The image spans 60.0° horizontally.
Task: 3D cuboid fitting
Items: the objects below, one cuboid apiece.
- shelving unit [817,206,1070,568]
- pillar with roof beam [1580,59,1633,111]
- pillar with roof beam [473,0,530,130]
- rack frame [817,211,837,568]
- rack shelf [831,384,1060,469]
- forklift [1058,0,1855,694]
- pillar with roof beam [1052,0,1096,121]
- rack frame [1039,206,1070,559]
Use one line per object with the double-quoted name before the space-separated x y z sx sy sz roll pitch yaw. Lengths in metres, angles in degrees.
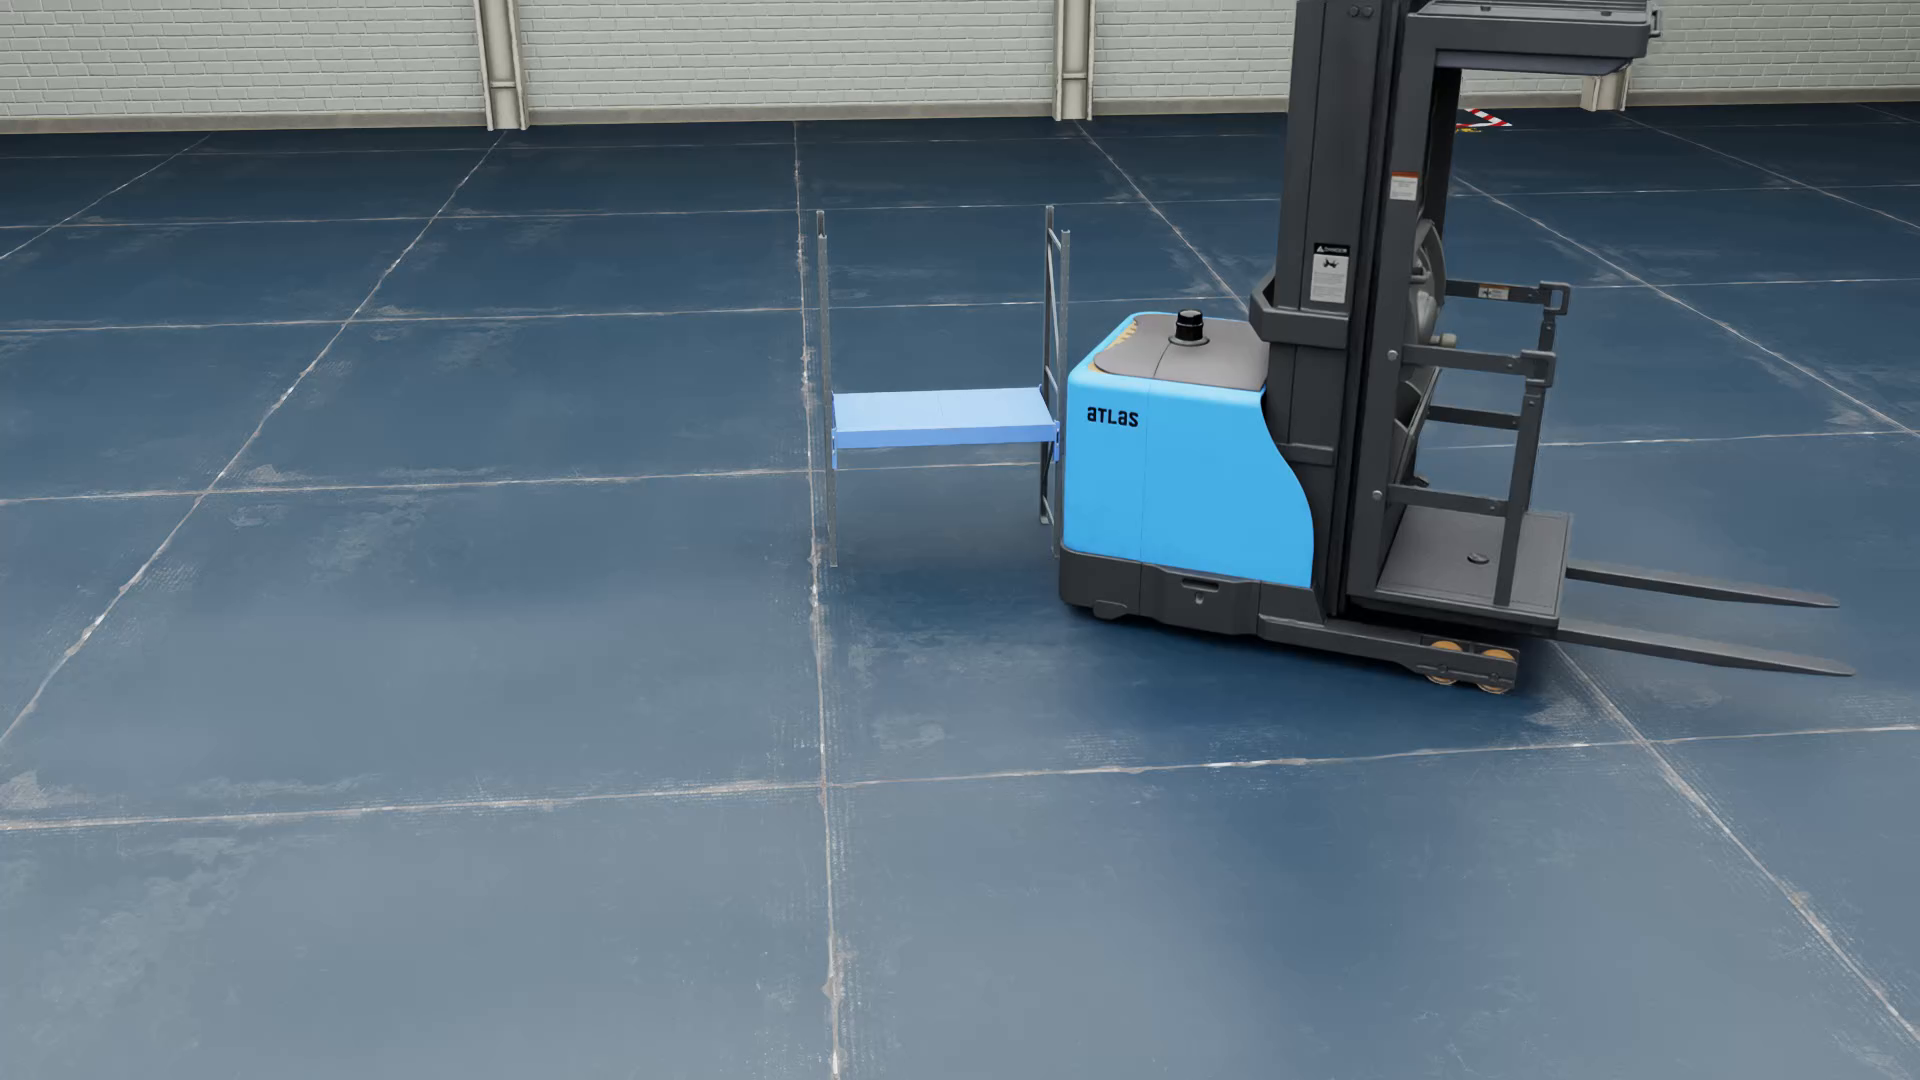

» **Problem to solve**: Leave every picture out and write out, word for word, the lines from the one that contains "- pillar with roof beam [473,0,530,130]" through the last line of the records.

» **Response to this task**:
- pillar with roof beam [473,0,530,130]
- rack frame [817,211,837,568]
- rack shelf [831,384,1060,469]
- forklift [1058,0,1855,694]
- pillar with roof beam [1052,0,1096,121]
- rack frame [1039,206,1070,559]
Use one line per object with the double-quoted name before the space-separated x y z sx sy sz roll pitch yaw. Lengths in metres, angles in degrees.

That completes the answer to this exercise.